Но, конечно, память памяти рознь. Многие одноклеточные организмы ведут себя возле пищи весьма уверенно, однако в данном случае вряд ли уместно говорить о памяти в нашем понимании. Скорее всего, речь здесь идет о таксисах элементарных автоматических реакциях на некий стимул, сопровождающихся перемещением в пространстве.
Аналогичным образом дело обстоит и с растениями. Когда усик вьюнка охватывает опору, нелепо утверждать, что он запомнил ее форму. У растений отсутствует нервная система, и потому электрический импульс не передается от клетки к клетке. Растительные клетки реагируют на свет, температуру, влажность, прикосновение, гравитацию, но на рефлексы эти реакции не похожи. Соприкоснувшийся с каким-нибудь предметом усик действительно искривляется, но происходит это только потому, что его клетки в месте контакта задерживаются в своем росте, а свободные клетки продолжают расти.
Усик изменяет свою форму раз и навсегда.
Однако заявлять со стопроцентной уверенностью, что память у растений отсутствует напрочь, мы, пожалуй, все-таки не решимся. Например, мимоза закрывается в сумерки и раскрывается на рассвете. Это ее естественный биологический ритм, которому она подчиняется на протяжении всей своей жизни.

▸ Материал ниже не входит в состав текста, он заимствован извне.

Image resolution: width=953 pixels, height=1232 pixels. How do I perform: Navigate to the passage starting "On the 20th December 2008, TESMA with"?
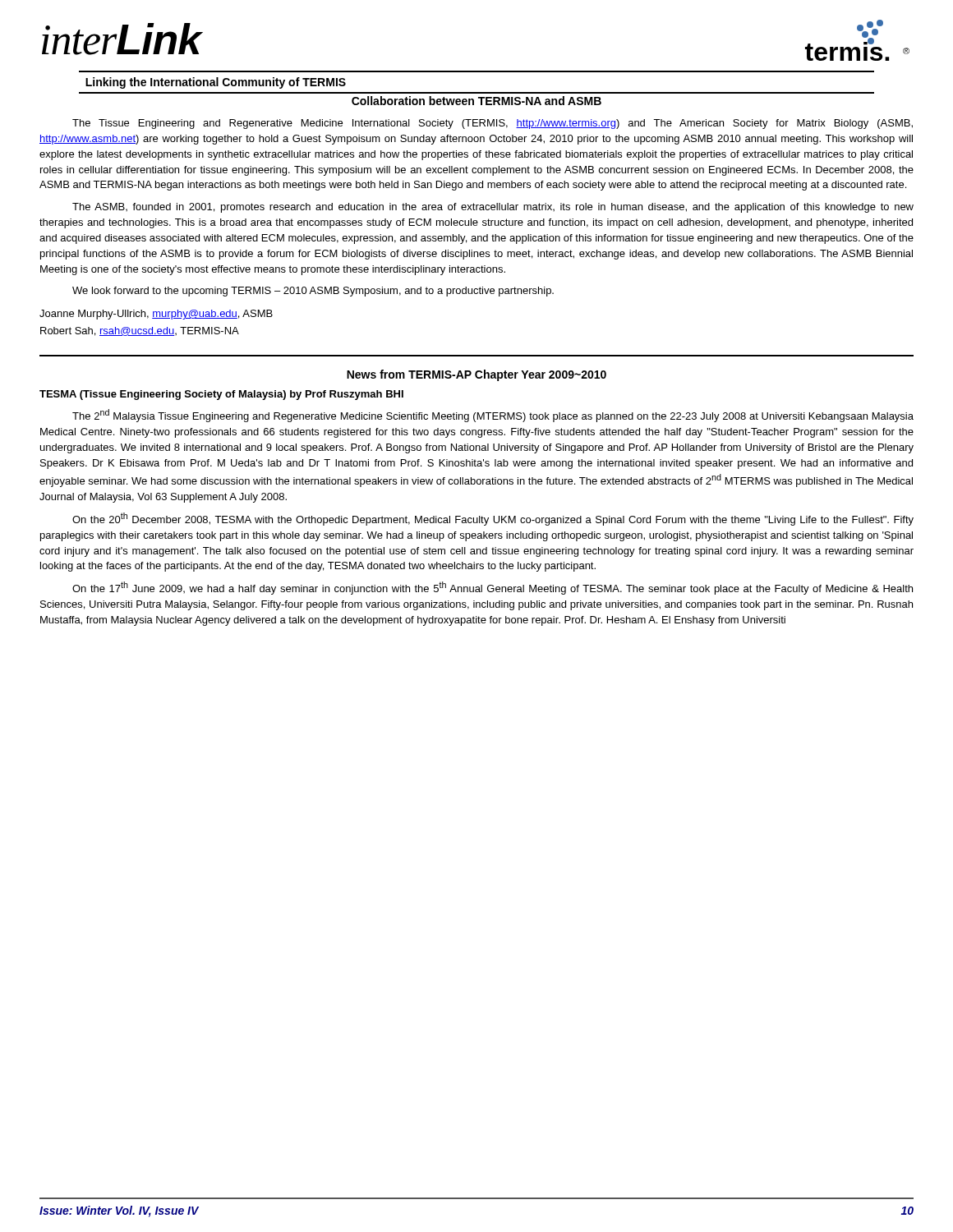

Выяснилось, что при помощи искусственного освещения ничего не стоит этот цикл поломать и заменить на новый. Не составит большого труда приучить мимозу закрываться не каждые 12, а, скажем, каждые 6 часов, следовательно, о какой-то зачаточной форме памяти у растений в известном смысле говорить все-таки можно. Еще убедительнее опыты американского исследователя Бекстера, который укреплял на листьях филодендрона электронные регистраторы кожно-гальванической реакции (КГР). Как известно, любые изменения в эмоциональной сфере влияют у нас на работу потовых желез, и подключенный к регистратору самописец немедленно выдает пик, если фиксирует увлажнение кожных покровов. Бекстер подумал: а вдруг и пейзанки чувствовать умеют, чем в конце концов черт не шутит?
Когда ученый чиркнул спичкой возле растения, прибор немедленно отреагировал, вычертив резко подскочившую вверх кривую.